The recommended configuration for maximum quality:

[steering]
vector_method = "sra"
steering_mode = "spherical"
discriminative_layer_selection = true
projected_abliteration = true

Quick Start

pip install -U abliterix
abliterix --model Qwen/Qwen3-4B-Instruct-2507

That's it. The process is fully automatic — after optimization completes, you can save the model, upload to Hugging Face, or chat with it interactively.

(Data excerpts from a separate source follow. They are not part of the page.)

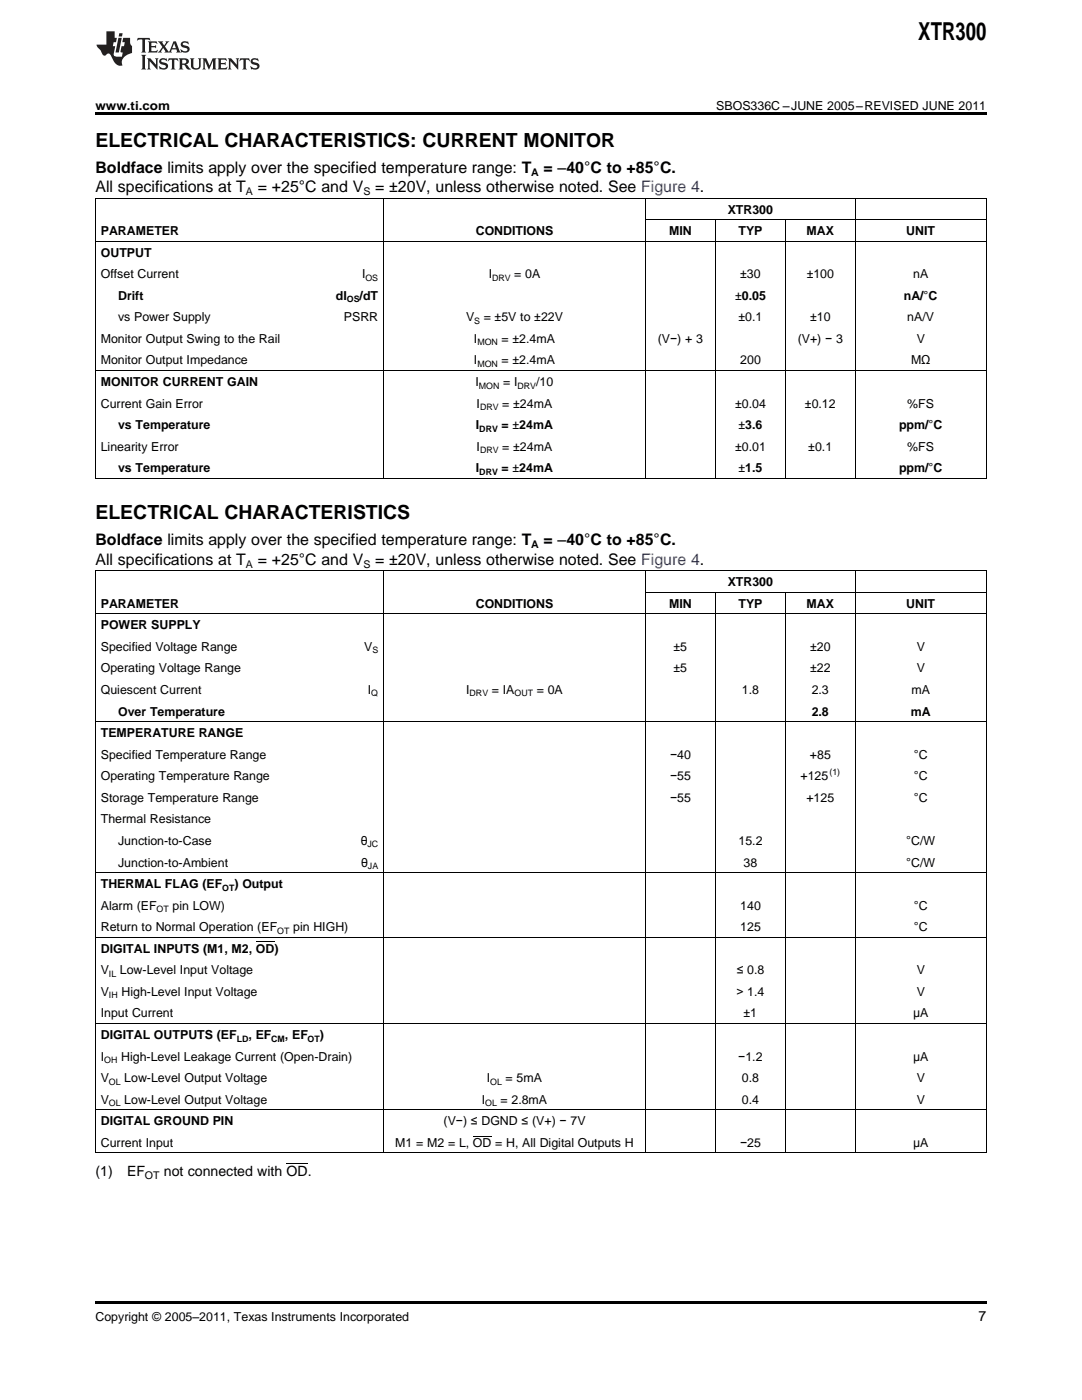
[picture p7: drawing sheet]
<svg xmlns="http://www.w3.org/2000/svg" width="216mm" height="279mm" viewBox="0 0 216 279" stroke-linecap="round" stroke-linejoin="round" font-family="sans-serif">
<defs><g id="words">
<text font-size="4.9" x="183.2" y="7.9">XTR300</text>
<g font-size="3.9">
<text x="19" y="29.3">ELECTRICAL CHARACTERISTICS: CURRENT MONITOR</text>
<text x="19" y="103.6">ELECTRICAL CHARACTERISTICS</text>
</g>
<g font-size="3.2">
<text x="19" y="34.4">Boldface limits apply over the specified temperature range: T</text>
<text x="108.5" y="34.4">= –40°C to +85°C.</text>
<text x="19" y="38.3">All specifications at T</text>
<text x="51.4" y="38.3">= +25°C and V</text>
<text x="74.9" y="38.3">= ±20V, unless otherwise noted. See Figure 4.</text>
<text x="19" y="108.8">Boldface limits apply over the specified temperature range: T</text>
<text x="19" y="112.7">All specifications at T</text>
<text x="51.4" y="112.7">= +25°C and V</text>
<text x="74.9" y="112.7">= ±20V, unless otherwise noted. See Figure 4.</text>
<text x="108.5" y="108.8">= –40°C to +85°C.</text>
</g>
<g font-size="2.8">
<text x="19" y="234.7">(1)</text>
<text x="25.4" y="234.7">EF</text>
<text x="32.7" y="234.7">not connected with OD.</text>
<text x="195.3" y="263.6">7</text>
</g>
<g font-size="2.5">
<text x="19" y="21.9">www.ti.com</text>
<text x="142.9" y="21.9">SBOS336C –JUNE 2005–REVISED JUNE 2011</text>
<text x="20.1" y="46.9">PARAMETER</text>
<text x="94.9" y="46.9">CONDITIONS</text>
<text x="133.5" y="46.9">MIN</text>
<text x="145.2" y="42.6">XTR300</text>
<text x="147.4" y="46.9">TYP</text>
<text x="160.9" y="46.9">MAX</text>
<text x="180.8" y="46.9">UNIT</text>
<text x="20.1" y="51.2">OUTPUT</text>
<text x="20.1" y="55.5">Offset Current</text>
<text x="23.6" y="59.8">Drift</text>
<text x="67" y="59.8">dI</text>
<text x="71.8" y="59.8">/dT</text>
<text x="72.2" y="55.5">I</text>
<text x="97.5" y="55.5">I</text>
<text x="102.6" y="55.5">= 0A</text>
<text x="146.7" y="59.8">±0.05</text>
<text x="147.7" y="55.5">±30</text>
<text x="161" y="55.5">±100</text>
<text x="180.3" y="59.8">nA/°C</text>
<text x="182.2" y="55.5">nA</text>
<text x="23.6" y="64.1">vs Power Supply</text>
<text x="68.6" y="64.1">PSRR</text>
<text x="93" y="64.1">V</text>
<text x="96.5" y="64.1">= ±5V to ±22V</text>
<text x="147.4" y="64.1">±0.1</text>
<text x="161.6" y="64.1">±10</text>
<text x="181" y="64.1">nA/V</text>
<text x="20.1" y="68.4">Monitor Output Swing to the Rail</text>
<text x="94.6" y="68.4">I</text>
<text x="100.1" y="68.4">= ±2.4mA</text>
<text x="131.3" y="68.4">(V−) + 3</text>
<text x="159.2" y="68.4">(V+) − 3</text>
<text x="182.9" y="68.4">V</text>
<text x="20.1" y="72.7">Monitor Output Impedance</text>
<text x="20.1" y="77">MONITOR CURRENT GAIN</text>
<text x="94.6" y="72.7">I</text>
<text x="94.9" y="77">I</text>
<text x="100.1" y="72.7">= ±2.4mA</text>
<text x="100.4" y="77">= I</text>
<text x="107" y="77">/10</text>
<text x="147.7" y="72.7">200</text>
<text x="181.8" y="72.7">MΩ</text>
<text x="20.1" y="81.4">Current Gain Error</text>
<text x="95.1" y="81.4">I</text>
<text x="100.2" y="81.4">= ±24mA</text>
<text x="146.7" y="81.4">±0.04</text>
<text x="160.6" y="81.4">±0.12</text>
<text x="181" y="81.4">%FS</text>
<text x="20.1" y="90">Linearity Error</text>
<text x="23.6" y="85.7">vs Temperature</text>
<text x="95" y="85.7">I</text>
<text x="95.1" y="90">I</text>
<text x="100.1" y="85.7">= ±24mA</text>
<text x="100.2" y="90">= ±24mA</text>
<text x="146.7" y="90">±0.01</text>
<text x="147.4" y="85.7">±3.6</text>
<text x="161.3" y="90">±0.1</text>
<text x="179.4" y="85.7">ppm/°C</text>
<text x="181" y="90">%FS</text>
<text x="23.6" y="94.3">vs Temperature</text>
<text x="95" y="94.3">I</text>
<text x="100.1" y="94.3">= ±24mA</text>
<text x="147.4" y="94.3">±1.5</text>
<text x="179.4" y="94.3">ppm/°C</text>
<text x="145.2" y="117">XTR300</text>
<text x="20.1" y="121.3">PARAMETER</text>
<text x="20.1" y="125.6">POWER SUPPLY</text>
<text x="94.9" y="121.3">CONDITIONS</text>
<text x="133.5" y="121.3">MIN</text>
<text x="147.4" y="121.3">TYP</text>
<text x="160.9" y="121.3">MAX</text>
<text x="180.8" y="121.3">UNIT</text>
<text x="20.1" y="129.9">Specified Voltage Range</text>
<text x="72.7" y="129.9">V</text>
<text x="134.4" y="129.9">±5</text>
<text x="161.6" y="129.9">±20</text>
<text x="182.9" y="129.9">V</text>
<text x="20.1" y="134.2">Operating Voltage Range</text>
<text x="134.4" y="134.2">±5</text>
<text x="161.6" y="134.2">±22</text>
<text x="182.9" y="134.2">V</text>
<text x="20.1" y="138.5">Quiescent Current</text>
<text x="23.6" y="142.8">Over Temperature</text>
<text x="73.4" y="138.5">I</text>
<text x="93" y="138.5">I</text>
<text x="98.1" y="138.5">= IA</text>
<text x="107.1" y="138.5">= 0A</text>
<text x="148" y="138.5">1.8</text>
<text x="162" y="138.5">2.3</text>
<text x="162" y="142.8">2.8</text>
<text x="181.8" y="142.8">mA</text>
<text x="181.9" y="138.5">mA</text>
<text x="20.1" y="147.1">TEMPERATURE RANGE</text>
<text x="20.1" y="151.4">Specified Temperature Range</text>
<text x="20.1" y="155.7">Operating Temperature Range</text>
<text x="133.7" y="151.4">−40</text>
<text x="133.7" y="155.7">−55</text>
<text x="159.7" y="155.7">+125</text>
<text x="161.6" y="151.4">+85</text>
<text x="182.4" y="151.4">°C</text>
<text x="182.4" y="155.7">°C</text>
<text x="20.1" y="160">Storage Temperature Range</text>
<text x="133.7" y="160">−55</text>
<text x="160.9" y="160">+125</text>
<text x="182.4" y="160">°C</text>
<text x="20.1" y="164.3">Thermal Resistance</text>
<text x="23.6" y="168.6">Junction-to-Case</text>
<text x="23.6" y="172.9">Junction-to-Ambient</text>
<text x="72" y="168.6">θ</text>
<text x="72.1" y="172.9">θ</text>
<text x="147.4" y="168.6">15.2</text>
<text x="148.4" y="172.9">38</text>
<text x="180.8" y="168.6">°C/W</text>
<text x="180.8" y="172.9">°C/W</text>
<text x="20.1" y="177.2">THERMAL FLAG (EF</text>
<text x="46.8" y="177.2">) Output</text>
<text x="20.1" y="181.5">Alarm (EF</text>
<text x="20.1" y="185.8">Return to Normal Operation (EF</text>
<text x="34.4" y="181.5">pin LOW)</text>
<text x="58.5" y="185.8">pin HIGH)</text>
<text x="147.7" y="181.5">140</text>
<text x="147.7" y="185.8">125</text>
<text x="182.4" y="181.5">°C</text>
<text x="182.4" y="185.8">°C</text>
<text x="20.1" y="190.1">DIGITAL INPUTS (M1, M2, OD)</text>
<text x="20.1" y="194.5">V</text>
<text x="23.9" y="194.5">Low-Level Input Voltage</text>
<text x="147" y="194.5">≤ 0.8</text>
<text x="182.9" y="194.5">V</text>
<text x="20.1" y="198.8">V</text>
<text x="20.1" y="203.1">Input Current</text>
<text x="24.2" y="198.8">High-Level Input Voltage</text>
<text x="147" y="198.8">&gt; 1.4</text>
<text x="148.4" y="203.1">±1</text>
<text x="182.2" y="203.1">μA</text>
<text x="182.9" y="198.8">V</text>
<text x="20.1" y="207.4">DIGITAL OUTPUTS (EF</text>
<text x="49.6" y="207.4">, EF</text>
<text x="56.9" y="207.4">, EF</text>
<text x="63.8" y="207.4">)</text>
<text x="20.1" y="211.7">I</text>
<text x="20.1" y="216">V</text>
<text x="24.2" y="211.7">High-Level Leakage Current (Open-Drain)</text>
<text x="24.8" y="216">Low-Level Output Voltage</text>
<text x="97.2" y="216">I</text>
<text x="100.9" y="216">= 5mA</text>
<text x="147.3" y="211.7">−1.2</text>
<text x="148" y="216">0.8</text>
<text x="182.2" y="211.7">μA</text>
<text x="182.9" y="216">V</text>
<text x="20.1" y="220.3">V</text>
<text x="24.8" y="220.3">Low-Level Output Voltage</text>
<text x="96.1" y="220.3">I</text>
<text x="99.9" y="220.3">= 2.8mA</text>
<text x="148" y="220.3">0.4</text>
<text x="182.9" y="220.3">V</text>
<text x="20.1" y="224.6">DIGITAL GROUND PIN</text>
<text x="88.5" y="224.6">(V−) ≤ DGND ≤ (V+) − 7V</text>
<text x="20.1" y="228.9">Current Input</text>
<text x="78.9" y="228.9">M1 = M2 = L, OD = H, All Digital Outputs H</text>
<text x="147.7" y="228.9">−25</text>
<text x="182.2" y="228.9">μA</text>
<text x="19" y="263.6">Copyright © 2005–2011, Texas Instruments Incorporated</text>
</g>
<g font-size="2.1">
<text x="106" y="35.1">A</text>
<text x="49.1" y="38.9">A</text>
<text x="72.5" y="38.9">S</text>
<text x="49.1" y="113.3">A</text>
<text x="72.5" y="113.3">S</text>
<text x="106" y="109.4">A</text>
<text x="28.9" y="235.3">OT</text>
</g>
<g font-size="1.8">
<text x="72.9" y="56">OS</text>
<text x="98.2" y="56">DRV</text>
<text x="69.2" y="60.3">OS</text>
<text x="94.6" y="64.6">S</text>
<text x="95.2" y="68.9">MON</text>
<text x="95.2" y="73.2">MON</text>
<text x="95.6" y="77.5">MON</text>
<text x="103.3" y="77.5">DRV</text>
<text x="95.8" y="81.8">DRV</text>
<text x="95.6" y="86.1">DRV</text>
<text x="95.6" y="94.8">DRV</text>
<text x="95.8" y="90.5">DRV</text>
<text x="74.3" y="130.4">S</text>
<text x="74.1" y="139">Q</text>
<text x="93.7" y="139">DRV</text>
<text x="102.7" y="139">OUT</text>
<text x="165.5" y="154.7">(1)</text>
<text x="73.3" y="169.1">JC</text>
<text x="73.4" y="173.4">JA</text>
<text x="44.3" y="177.7">OT</text>
<text x="31.3" y="182">OT</text>
<text x="55.3" y="186.3">OT</text>
<text x="21.7" y="194.9">IL</text>
<text x="21.7" y="199.2">IH</text>
<text x="47.2" y="207.9">LD</text>
<text x="54.1" y="207.9">CM</text>
<text x="61.4" y="207.9">OT</text>
<text x="20.8" y="212.2">OH</text>
<text x="21.7" y="216.5">OL</text>
<text x="21.7" y="220.8">OL</text>
<text x="96.8" y="220.8">OL</text>
<text x="97.8" y="216.5">OL</text>
</g>
</g></defs>
<g fill="#231f20">
<path d="M27.5 7.6l-.1 .5 .4-.2h.6v.1v2.1l-.2 .4h1l-.3-.4v-2.1l.1-.1h.5l.5 .2-.2-.5zM29.5 8.3l.2 .3v1.5l-.2 .4h1.8l.2-.6a1.04 1.04 0 0 1-1.3 .2v-.7h.6l.3 .2v-.6l-.3 .2h-.6v-.6l.8-.1 .4 .3-.2-.5zM31.5 8.3l.9 1.1-.9 1.1h.8l-.2-.2 .5-.7 .4 .7-.2 .2h1.5l-.1-.2 .1-.4h.9l.1 .4-.2 .2h1l-.3-.3-.7-1.9h-.5l-.9 2-.8-1 .9-1h-.8l.1 .3-.3 .5-.4-.6 .2-.2zM34.7 8.6l.4 1h-.7zM36.3 8.4a.63 .63 0 0 0-.2 .7 .63 .63 0 0 0 .6 .4l.6 .2 .1 .2a.75 .75 0 0 1-.7 .4 .75 .75 0 0 1-.6-.5l.1 .7 .1-.1a1.11 1.11 0 0 0 1.5-.6 1.13 1.13 0 0 0-1.2-.8l-.1-.4a1.04 1.04 0 0 1 1.2 .2l-.2-.5-.1 .1-.5-.2zM28.2 10.9l.2 .4v2.2l-.2 .4h1l-.3-.4v-2.2l.3-.4zM29.3 11.6l.3 .4v1.5l-.3 .4h.8l-.2-.4v-1.3l1.5 1.7v-1.9l.2-.4h-.7l.2 .4v.9l-1.1-1.3zM32 11.8a.62 .62 0 0 0-.2 .7 .62 .62 0 0 0 .6 .4l.6 .1 .1 .3a.76 .76 0 0 1-.7 .3 .76 .76 0 0 1-.6-.4l.1 .7 .1-.1a1.11 1.11 0 0 0 1.5-.6 1.13 1.13 0 0 0-1.2-.8l-.1-.4a1.04 1.04 0 0 1 1.2 .2l-.2-.6-.1 .1-.5-.1zM33.7 11.6l-.2 .6a.61 .61 0 0 1 .8-.3v1.6l-.2 .4h.9l-.2-.4v-1.6a.63 .63 0 0 1 .8 .3l-.2-.6zM35.6 11.6l.3 .4v1.5l-.3 .4h1l-.2-.2v-.8l.5 .2a.76 .76 0 0 0 1.2 .7l-1-1a.58 .58 0 0 0 .6-.5 .58 .58 0 0 0-.5-.6zM36.4 11.9h.1a.45 .45 0 0 1 .5 .1 .45 .45 0 0 1 .1 .5l-.7 .2zM37.9 11.6l.2 .2a2.17 2.17 0 0 0 .3 1.9 .99 .99 0 0 0 1.6-.6v-1.1l.2-.4h-.7l.2 .2a1.92 1.92 0 0 1-.2 1.8 .6 .6 0 0 1-.9-.5v-1.1l.2-.4zM40.4 11.6l.2 .4v1.5l-.2 .4h.7l-.2-.4v-1.4l.8 1.8 .8-1.8v1.4l-.2 .4h.9l-.2-.4v-1.5l.2-.4h-.8l-.6 1.5-.6-1.5zM43.4 11.6l.2 .4v1.5l-.2 .4h1.8l.2-.6a1.04 1.04 0 0 1-1.3 .1v-.6h.5l.4 .2v-.6l-.4 .2h-.5v-.7h.8l.3 .3-.1-.6zM45.5 11.6l.2 .4v1.5l-.2 .4h.7l-.2-.4v-1.3l1.5 1.7v-1.9l.2-.4h-.7l.2 .4v.9l-1.1-1.3zM47.9 11.6l-.1 .6a.61 .61 0 0 1 .8-.3v1.6l-.3 .4h1l-.3-.4 .1-1.6a.63 .63 0 0 1 .7 .3l-.1-.6zM50.2 11.8a.62 .62 0 0 0-.2 .7 .62 .62 0 0 0 .6 .4l.6 .1 .2 .3a.76 .76 0 0 1-.8 .3 .76 .76 0 0 1-.6-.4l.1 .7 .2-.1a1.11 1.11 0 0 0 1.5-.6 1.13 1.13 0 0 0-1.3-.8l-.1-.4a1.04 1.04 0 0 1 1.2 .2l-.1-.6-.2 .1-.5-.1z"/>
<path d="M21.2 6.3v2.6h-1.9l.1 .4 .7 .9a.91 .91 0 0 0 1 .8 .56 .56 0 0 1 .5-.3 .56 .56 0 0 1 .5 .3l.4 .8a1.53 1.53 0 0 0 1.9 1.2 1.54 1.54 0 0 1 1-2.1l.9-.3v-1.4a1.52 1.52 0 0 1-.3-1.6h-1.4l-.2 .8h.5l-.2 .8h-.4l-.2 1v.2l.4 .1-.2 .8a1.93 1.93 0 0 1-1.6-.3l.3-1.8h-.5l.2-.8h.4l.2-.8h-.4v-1.3zM23.6 7.6l-.6 2.9h.7l.6-2.9zM23.8 6.6l-.1 .7h.6l.2-.7z"/>
</g>
<path d="M19 22.5h177.8v.5h-177.8zM19 259.7h177.8v.5h-177.8z" fill="#000"/>
<g fill="none" stroke="#000" stroke-width=".2">
<path d="M19 39.5h177.8M19.1 39.6v55.9M76.5 39.6v55.9M128.8 39.6v55.9M170.6 39.6v55.9M196.8 39.6v55.9M19 48.1h177.8M128.8 43.8h68M142.8 43.9v51.6M156.7 43.9v51.6M19 74h177.8M19 95.5h177.8"/>
<path d="M19 113.9h177.8M19.1 113.9v116.3M76.5 113.9v116.3M128.8 113.9v116.3M128.8 118.2h68M142.8 118.3v111.9M156.7 118.3v111.9M170.6 113.9v116.3M196.8 113.9v116.3M19 122.5h177.8M19 144h177.8M19 174.1h177.8"/>
<path d="M19 187.1h177.8M51 188h3.8M19 204.3h177.8M19 230.1h177.8M19 221.5h177.8M57.2 232.3h4.2M94.4 226.7h3.7"/>
</g>
<use href="#words"/>
</svg>

Windows: use python scripts/run_abliterix.py --model <model> or set PYTHONIOENCODING=utf-8 to avoid Rich encoding issues.

How It Works

Language models learn to refuse harmful queries through specific activation patterns in their residual stream. Abliterix identifies these patterns and surgically removes them:

  1. Compute refusal directions — pass harmless and harmful prompts through the model, extract per-layer residual activations, and compute the difference vector that characterizes "refusal behavior"
  2. Orthogonalize — project out the component aligned with normal "good" responses, isolating only the refusal signal
  3. Abliterate — apply weight modifications to attention (Q/K/V/O) and MLP components, weighted by a kernel function across layers. Supports two modes:
    • LoRA mode — rank-1 adapters for reversible, lightweight modifications
    • Direct mode — norm-preserving orthogonal projection on base weights in float32 (required for double-norm architectures like Gemma 4)
  4. Expert-Granular Abliteration (EGA) — for MoE models, project the refusal direction from all expert down_proj slices (not just top-N safety experts), plus router weight suppression
  5. Optimize — Optuna's Tree-structured Parzen Estimator searches over kernel shape, fractional direction index, and per-component abliteration strength across all 5 steerable components, selecting Pareto-optimal configurations that minimize both refusals and model degradation

Results

Abliterated models uploaded to Hugging Face:

Model Refusals KL Divergence Trials Method
Gemma-4-31B 18/100 (18%) 0.0007 20 Direct + Q/K/V/O
LFM2-24B-A2B 0/100 (0%) 0.0079 50 LoRA
GLM-4.7-Flash 1/100 (1%) 0.0133 50 LoRA
Devstral-Small-2-24B 3/100 (3%) 0.0086 50 LoRA
Qwen3.5-122B-A10B 1/200 (0.5%) 0.0115 25 LoRA + MoE
Qwen3.5-35B-A3B 3/200 (1.5%) 0.0035 50 LoRA + MoE
Qwen3.5-27B 3/200 (1.5%) 0.0051 35 LoRA
Qwen3.5-9B 2/200 (1%) 0.0105 50 LoRA
Qwen3.5-4B 3/200 (1.5%) 0.0065 50 LoRA
Qwen3.5-0.8B 0/200 (0%) 0.0087 100 LoRA

Key Findings

Gemma 4 is the hardest model to abliterate. Its double-norm architecture (4x RMSNorm/layer) + Per-Layer Embeddings (PLE) actively resist LoRA and hook-based steering. Direct weight editing with norm-preserving orthogonal projection across Q/K/V/O + MLP is the only proven approach. We achieved 18/100 with only 20 warmup trials — full TPE optimization is expected to reach single digits.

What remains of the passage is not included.